Your task> Copy each line from the entries that the word "with" appears in.

Items from a dataset:
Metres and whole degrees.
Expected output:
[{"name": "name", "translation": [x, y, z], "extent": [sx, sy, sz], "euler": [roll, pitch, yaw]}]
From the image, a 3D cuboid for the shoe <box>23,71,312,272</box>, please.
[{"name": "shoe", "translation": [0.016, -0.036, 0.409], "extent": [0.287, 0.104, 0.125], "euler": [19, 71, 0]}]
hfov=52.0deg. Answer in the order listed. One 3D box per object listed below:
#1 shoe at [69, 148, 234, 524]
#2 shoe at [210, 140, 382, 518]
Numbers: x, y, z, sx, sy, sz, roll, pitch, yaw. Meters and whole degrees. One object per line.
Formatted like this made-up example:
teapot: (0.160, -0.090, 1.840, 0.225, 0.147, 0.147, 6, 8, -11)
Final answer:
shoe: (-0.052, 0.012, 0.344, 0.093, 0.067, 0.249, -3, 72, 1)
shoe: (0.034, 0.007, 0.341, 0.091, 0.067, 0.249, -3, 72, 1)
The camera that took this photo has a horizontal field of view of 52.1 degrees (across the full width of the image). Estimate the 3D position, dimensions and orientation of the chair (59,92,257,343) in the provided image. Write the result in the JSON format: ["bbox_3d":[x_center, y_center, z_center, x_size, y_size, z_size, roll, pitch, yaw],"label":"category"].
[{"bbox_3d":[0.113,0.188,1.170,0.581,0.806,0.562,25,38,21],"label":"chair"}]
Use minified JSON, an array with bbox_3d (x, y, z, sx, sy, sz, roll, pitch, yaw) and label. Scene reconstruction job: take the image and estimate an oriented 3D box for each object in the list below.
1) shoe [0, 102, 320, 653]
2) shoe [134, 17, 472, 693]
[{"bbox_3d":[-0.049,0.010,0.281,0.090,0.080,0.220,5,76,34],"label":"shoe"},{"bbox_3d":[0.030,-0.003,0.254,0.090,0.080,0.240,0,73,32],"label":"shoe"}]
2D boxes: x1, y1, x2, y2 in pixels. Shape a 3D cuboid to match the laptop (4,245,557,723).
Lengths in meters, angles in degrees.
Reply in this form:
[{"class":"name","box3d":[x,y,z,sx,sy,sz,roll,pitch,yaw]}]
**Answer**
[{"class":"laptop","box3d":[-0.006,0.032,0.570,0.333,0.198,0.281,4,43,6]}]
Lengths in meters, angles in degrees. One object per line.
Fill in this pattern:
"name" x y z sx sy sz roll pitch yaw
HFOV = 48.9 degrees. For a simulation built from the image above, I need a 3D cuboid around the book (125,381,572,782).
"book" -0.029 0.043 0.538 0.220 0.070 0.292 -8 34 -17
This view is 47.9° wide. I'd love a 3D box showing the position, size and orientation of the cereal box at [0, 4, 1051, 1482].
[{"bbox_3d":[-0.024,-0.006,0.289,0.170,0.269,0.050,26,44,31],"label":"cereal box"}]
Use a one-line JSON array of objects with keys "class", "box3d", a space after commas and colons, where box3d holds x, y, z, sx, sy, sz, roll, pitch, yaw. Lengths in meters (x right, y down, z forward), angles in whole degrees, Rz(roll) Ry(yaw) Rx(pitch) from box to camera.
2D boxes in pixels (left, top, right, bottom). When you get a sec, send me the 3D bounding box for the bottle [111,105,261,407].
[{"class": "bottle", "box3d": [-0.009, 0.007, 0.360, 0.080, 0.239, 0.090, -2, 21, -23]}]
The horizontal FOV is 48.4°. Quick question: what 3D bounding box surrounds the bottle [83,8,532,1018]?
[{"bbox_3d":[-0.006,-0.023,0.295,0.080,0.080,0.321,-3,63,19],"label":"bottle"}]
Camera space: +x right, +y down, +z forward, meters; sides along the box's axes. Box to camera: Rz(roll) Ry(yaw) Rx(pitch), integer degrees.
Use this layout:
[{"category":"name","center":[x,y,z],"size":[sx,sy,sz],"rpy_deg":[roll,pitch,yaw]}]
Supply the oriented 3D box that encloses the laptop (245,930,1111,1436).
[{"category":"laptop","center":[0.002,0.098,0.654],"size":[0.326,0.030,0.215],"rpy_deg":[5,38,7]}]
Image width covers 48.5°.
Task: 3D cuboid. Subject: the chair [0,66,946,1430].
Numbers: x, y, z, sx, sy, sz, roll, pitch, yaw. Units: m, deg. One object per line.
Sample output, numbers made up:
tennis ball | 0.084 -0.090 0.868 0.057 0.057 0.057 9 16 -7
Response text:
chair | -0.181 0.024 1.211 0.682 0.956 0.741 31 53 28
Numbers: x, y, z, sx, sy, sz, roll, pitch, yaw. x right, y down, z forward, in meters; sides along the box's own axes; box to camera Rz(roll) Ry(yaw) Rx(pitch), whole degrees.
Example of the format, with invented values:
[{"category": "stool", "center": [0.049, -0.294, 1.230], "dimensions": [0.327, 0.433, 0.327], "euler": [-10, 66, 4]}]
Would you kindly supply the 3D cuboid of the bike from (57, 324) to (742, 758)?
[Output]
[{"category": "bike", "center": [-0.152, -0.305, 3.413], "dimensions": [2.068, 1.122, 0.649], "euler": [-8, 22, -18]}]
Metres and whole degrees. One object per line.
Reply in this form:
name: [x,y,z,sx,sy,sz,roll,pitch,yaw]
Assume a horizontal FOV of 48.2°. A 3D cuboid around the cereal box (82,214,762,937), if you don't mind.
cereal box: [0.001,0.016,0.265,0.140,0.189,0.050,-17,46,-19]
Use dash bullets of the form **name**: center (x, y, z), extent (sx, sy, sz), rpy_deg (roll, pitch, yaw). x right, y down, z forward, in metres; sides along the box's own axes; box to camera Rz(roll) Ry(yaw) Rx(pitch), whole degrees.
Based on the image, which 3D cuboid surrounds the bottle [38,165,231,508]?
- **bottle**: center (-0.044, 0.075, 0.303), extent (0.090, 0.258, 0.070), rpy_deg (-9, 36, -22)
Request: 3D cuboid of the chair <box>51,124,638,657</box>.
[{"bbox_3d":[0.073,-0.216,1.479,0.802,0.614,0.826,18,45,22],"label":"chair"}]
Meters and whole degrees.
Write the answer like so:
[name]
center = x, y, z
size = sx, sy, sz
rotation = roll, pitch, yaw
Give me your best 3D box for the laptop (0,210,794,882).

Task solution>
Use minified JSON, an array with bbox_3d (x, y, z, sx, sy, sz, roll, pitch, yaw) and label. Scene reconstruction job: take the image and estimate an oriented 3D box for each object in the list below.
Use a one-line JSON array of objects with keys "class", "box3d", a space after commas and colons, where box3d holds x, y, z, sx, sy, sz, roll, pitch, yaw. Lengths in meters (x right, y down, z forward), angles in whole degrees, Rz(roll) Ry(yaw) Rx(pitch) from box to camera.
Example of the format, with invented values:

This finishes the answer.